As for potential EEG data analysis: I was already running a replication on a cheaper headset that allowed participants to remove it mid-session. A further small drop in EEG data quality seemed acceptable, given that the EEG was not used for the initial IAF measurement during these trials.
The perceptual boost
Although we found similar learning rates in both groups, our study showed a small but significant overall advantage for the T-match group that wasn’t present in the original study. Why?
Again, one possibility is coincidence. Are there others?
I had a better monitor than the original authors over some dimensions. They used a monitor with a fixed 120 Hz refresh rate, whereas we used one with a variable refresh rate (48–165 Hz) that dynamically adjusts to the frequency of frames being output.
On a 120 Hz monitor, frames follow with a constant inter-frame interval. This means you cannot physically produce uniform flicker at all frequencies. For example, although 10 Hz flicker is easy (just have 1 frame bright and 11 frames dark), 11 Hz flicker is more complicated (120 is not evenly divisible by 11). Your options are:
Sacrifice uniformity of the flicker. Sometimes you have 10 “off” frames between “on” ones and sometimes 9.
Pick the nearest evenly divisible frequency. For 11 Hz, the two closest options are 10.91 Hz (1 frame on, 10 off) and 12 Hz (1 frame on, 9 off).
The authors don’t report which strategy they chose. They simply write: “Although the 120 Hz refresh rate may limit the presentation rate, validation analyses suggest that the neural response targeted effectively the desired frequency.” My guess is that they didn’t choose either strategy in a principled way. If you’re writing code “hoping for the best” without thinking about this, you can end up with either (1) or (2) depending on how your code is structured. The physical reality of a fixed refresh rate monitor picks the strategy for you.

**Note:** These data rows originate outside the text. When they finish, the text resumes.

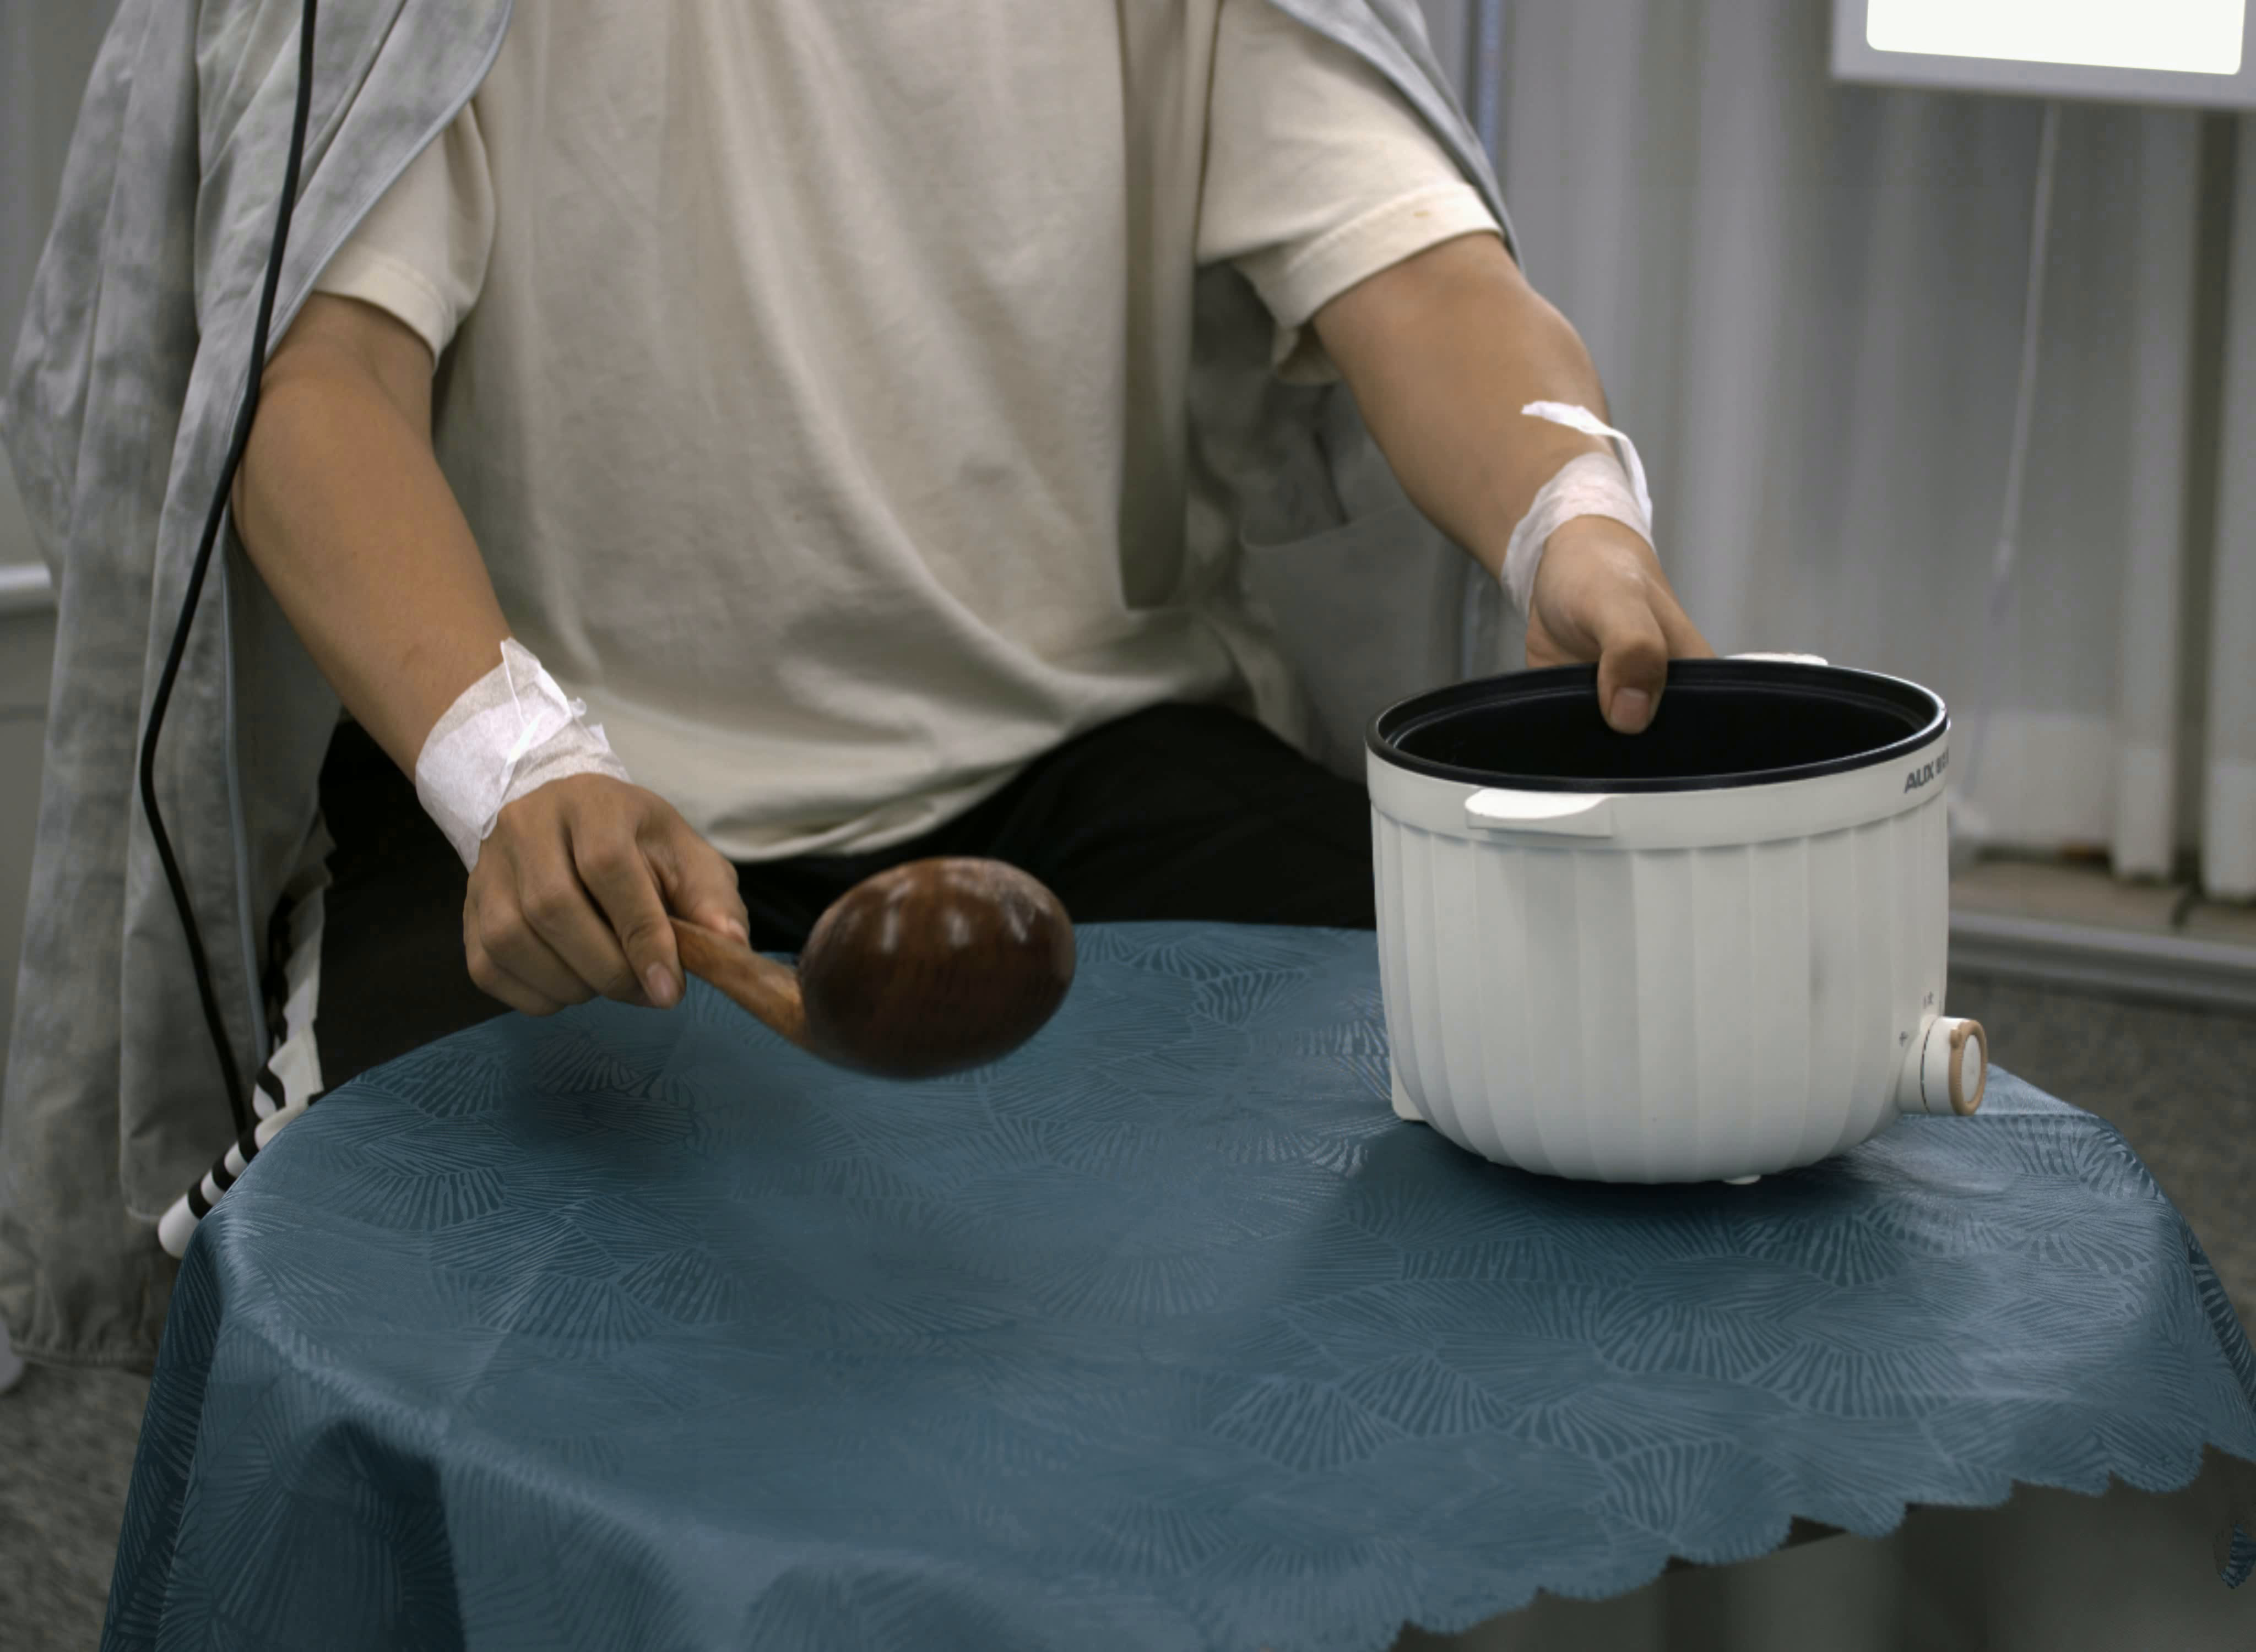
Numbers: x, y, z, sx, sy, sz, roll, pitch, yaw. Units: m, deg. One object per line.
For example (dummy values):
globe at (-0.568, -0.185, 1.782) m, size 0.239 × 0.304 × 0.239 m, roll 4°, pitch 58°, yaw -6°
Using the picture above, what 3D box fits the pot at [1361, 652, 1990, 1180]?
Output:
pot at (0.173, 0.030, 1.654) m, size 0.188 × 0.144 × 0.241 m, roll 0°, pitch 14°, yaw 26°

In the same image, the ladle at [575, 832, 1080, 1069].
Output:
ladle at (-0.102, 0.021, 1.600) m, size 0.082 × 0.077 × 0.271 m, roll 25°, pitch -2°, yaw -28°

It’s more likely that their strategy is (1) — this is what you get if you’re writing code in the easiest, most straightforward fashion.

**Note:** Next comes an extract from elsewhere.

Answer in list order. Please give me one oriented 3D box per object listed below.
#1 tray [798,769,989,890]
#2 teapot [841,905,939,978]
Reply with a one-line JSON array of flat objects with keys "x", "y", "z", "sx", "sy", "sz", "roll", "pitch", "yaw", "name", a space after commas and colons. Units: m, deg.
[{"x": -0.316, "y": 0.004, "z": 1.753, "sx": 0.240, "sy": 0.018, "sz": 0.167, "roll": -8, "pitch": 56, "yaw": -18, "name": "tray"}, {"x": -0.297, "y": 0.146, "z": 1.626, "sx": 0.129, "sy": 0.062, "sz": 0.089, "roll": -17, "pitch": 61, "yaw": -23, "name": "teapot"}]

But it’s still possible they ended up with (2). This is less likely, because you’d be forced to think about the actual flicker rate (and thus properly report it). Still, there are ways to structure code where you end up with this strategy by accident (e.g. reusing code from a previous project without reviewing it).
The authors write: “We predicted that individualized alpha entrainment targeting the trough phase for stimulus delivery would boost learning, based on previous work showing that the trough phase of alpha oscillations is associated with stronger disinhibition (Busch et al. 2009; Mathewson et al. 2011, 2010; Fakche et al. 2022) that may facilitate visual target detection from clutter.” And perhaps with a better flicker and better timing of patterns, the replication ended up with P-match incurring a higher penalty — and a more striking difference between T-match and P-match. 1/120 Hz ≈ 8.3 ms is not nothing, it’s 7–10% of an alpha cycle. Or perhaps the replication was better at tailoring the entrainment to participants’ peak alpha frequency.